| HN Mirror

Maybe your application/environment was stable enough that site performance didn't change drastically over a decade. I've seen performance shift dramatically with the same number of users for different reasons (high-post flattened comment threads being slammed when Michael Jackson died, software upgrades which mysteriously load up servers on some requests, and of course feature adds). When a site issue occurs, I don't reach for "how many users are logged in?", I reach for my sorted list of machine and service-specific metrics and look for irregularities.

That being said, trends in user visits are of course great numbers for capacity planning because you have an idea how much growth to expect in the near future. But it's only a vague multiplier; you need to know how beefy a box to get (by stress testing to determine capacity) and then multiply by the growth factor. But it's usually more complicated than this.
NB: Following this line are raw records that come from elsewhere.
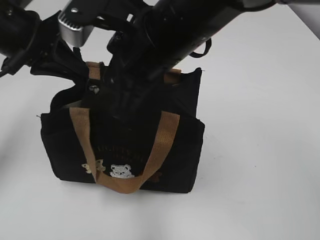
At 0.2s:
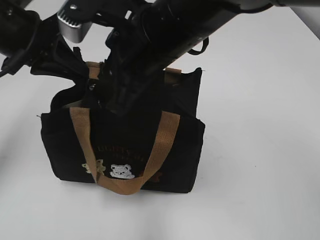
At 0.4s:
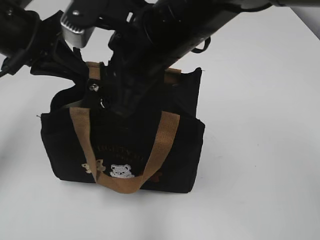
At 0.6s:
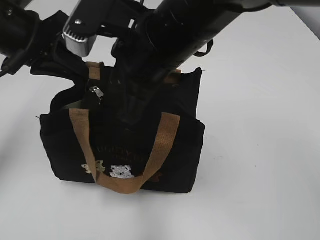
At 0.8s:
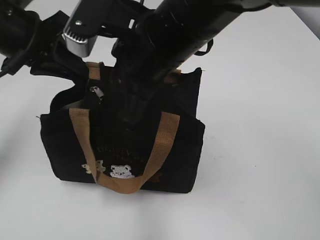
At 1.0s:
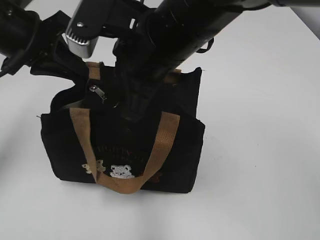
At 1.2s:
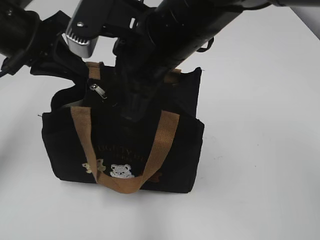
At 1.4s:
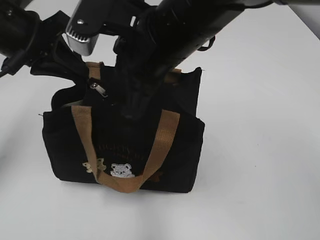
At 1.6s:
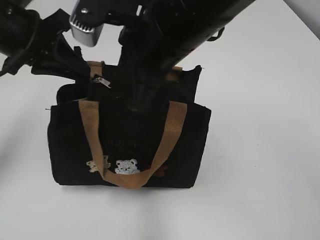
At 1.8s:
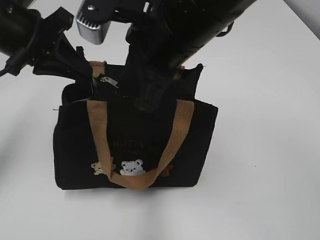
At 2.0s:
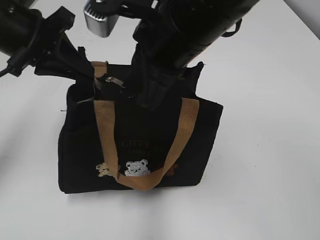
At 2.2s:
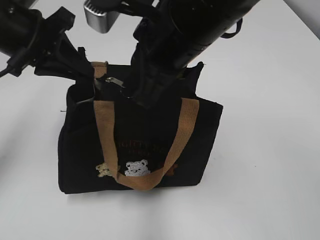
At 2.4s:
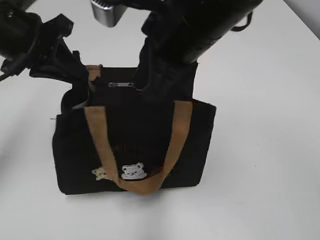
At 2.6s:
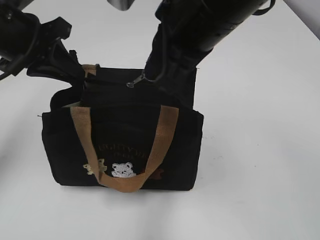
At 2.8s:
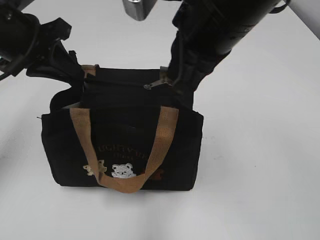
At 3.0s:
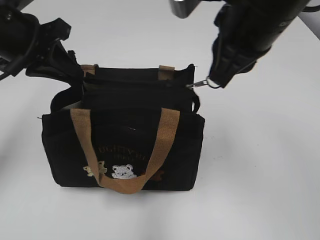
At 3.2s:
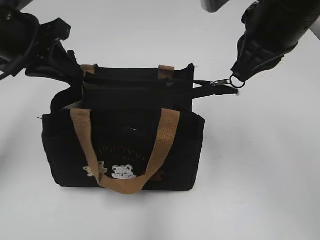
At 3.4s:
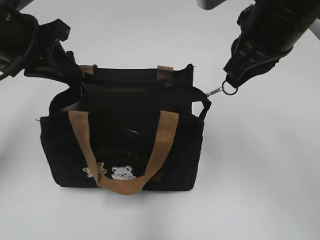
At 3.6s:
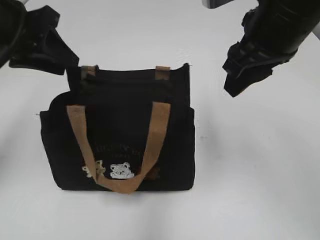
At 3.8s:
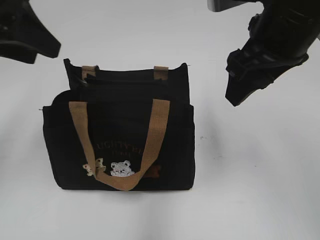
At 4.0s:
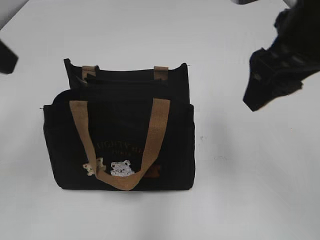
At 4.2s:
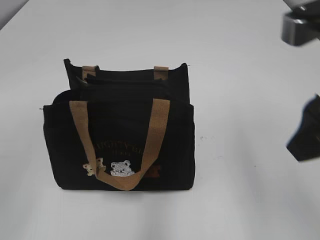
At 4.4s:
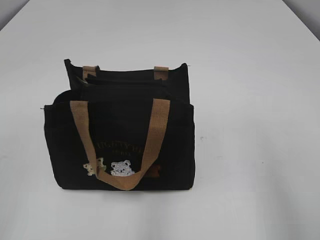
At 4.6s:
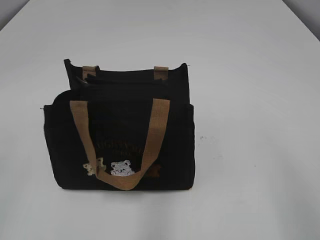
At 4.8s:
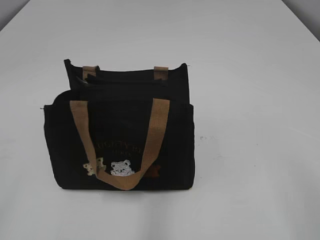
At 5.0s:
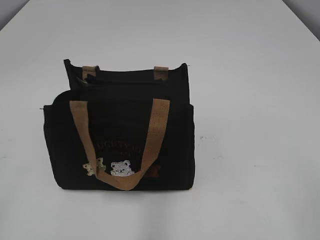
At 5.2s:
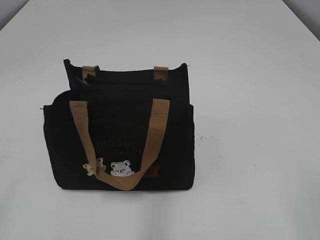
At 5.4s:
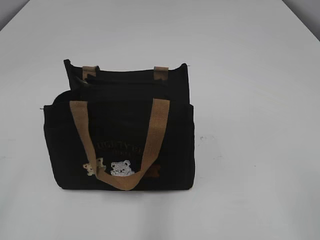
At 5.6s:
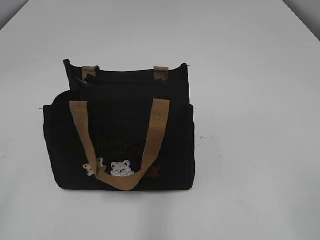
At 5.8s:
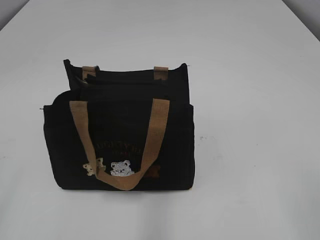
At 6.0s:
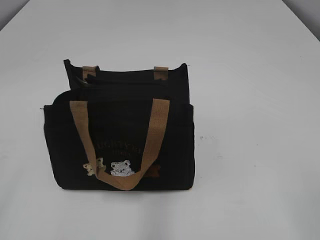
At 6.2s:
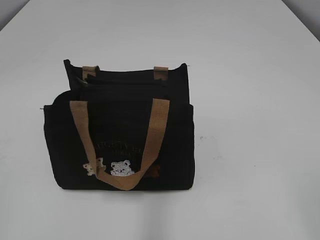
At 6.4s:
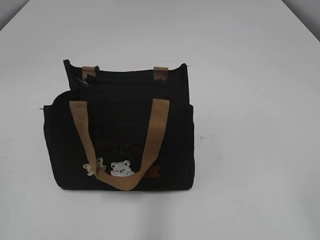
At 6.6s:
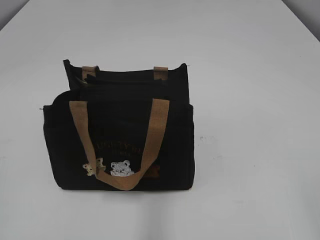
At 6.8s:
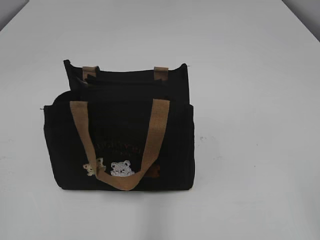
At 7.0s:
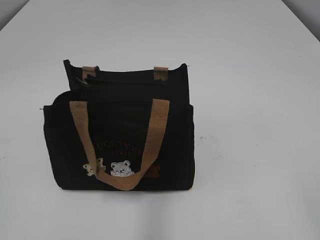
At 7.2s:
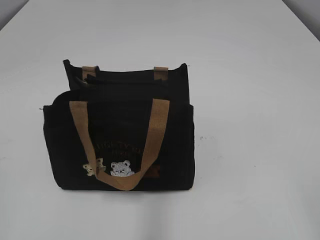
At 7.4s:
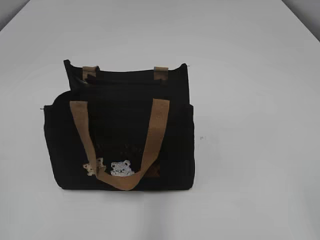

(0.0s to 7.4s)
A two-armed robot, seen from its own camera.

Stress testing doesn't have to be a formal process in all environments. You might just have a developer with a new chat server and they want to get a benchmark of how many users can join and chat before CPU peaks. An hour or two of coding should provide a workable test on like-hardware, which can then be generalized with tests of other software to give an idea of the capacity when a certain number of users are logged in and performing the same operations. The point isn't to know 100% when you will fall over, but to have at least an idea when you're going to fall over, so you don't have to actually fall over to figure out when and where to scale.

I have no problems with very-short-term big lab stress testing. We had the same issue at my last place, and with lots of caution, it worked fine. But jesus christ, if I told my bosses "I think we should run all the servers with extra load until they fall over, then re-evaluate", they'd look at me like I had antlers growing out of my head.